▶ **What is needed**:
Here is the task for the records below: repeat exactly the lines from the one with "val (n, k) = (1..2).map" to the one with "For documentation purposes, I", both included, and nothing else.

▶ **Records provided**:
•••••

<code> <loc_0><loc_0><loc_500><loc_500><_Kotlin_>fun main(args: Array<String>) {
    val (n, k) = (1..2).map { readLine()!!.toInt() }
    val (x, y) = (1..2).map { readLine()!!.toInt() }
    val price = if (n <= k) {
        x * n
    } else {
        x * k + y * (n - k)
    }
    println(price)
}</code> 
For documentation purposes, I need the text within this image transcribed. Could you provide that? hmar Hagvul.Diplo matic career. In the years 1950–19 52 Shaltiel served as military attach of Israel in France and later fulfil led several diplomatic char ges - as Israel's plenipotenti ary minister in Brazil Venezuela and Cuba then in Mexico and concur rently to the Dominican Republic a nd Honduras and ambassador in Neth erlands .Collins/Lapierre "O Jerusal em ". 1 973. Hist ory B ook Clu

•••••

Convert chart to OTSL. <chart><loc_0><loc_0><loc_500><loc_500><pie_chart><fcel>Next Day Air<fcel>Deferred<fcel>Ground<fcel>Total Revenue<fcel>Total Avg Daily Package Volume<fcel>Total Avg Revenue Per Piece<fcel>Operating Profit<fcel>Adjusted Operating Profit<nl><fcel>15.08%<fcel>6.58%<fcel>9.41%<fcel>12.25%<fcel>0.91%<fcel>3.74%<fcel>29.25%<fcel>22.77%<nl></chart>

•••••

▶ **Answer section**:
    val (n, k) = (1..2).map { readLine()!!.toInt() }
    val (x, y) = (1..2).map { readLine()!!.toInt() }
    val price = if (n <= k) {
        x * n
    } else {
        x * k + y * (n - k)
    }
    println(price)
}</code> 
For documentation purposes, I need the text within this image transcribed. Could you provide that? hmar Hagvul.Diplo matic career. In the years 1950–19 52 Shaltiel served as military attach of Israel in France and later fulfil led several diplomatic char ges - as Israel's plenipotenti ary minister in Brazil Venezuela and Cuba then in Mexico and concur rently to the Dominican Republic a nd Honduras and ambassador in Neth erlands .Collins/Lapierre "O Jerusal em ". 1 973. Hist ory B ook Clu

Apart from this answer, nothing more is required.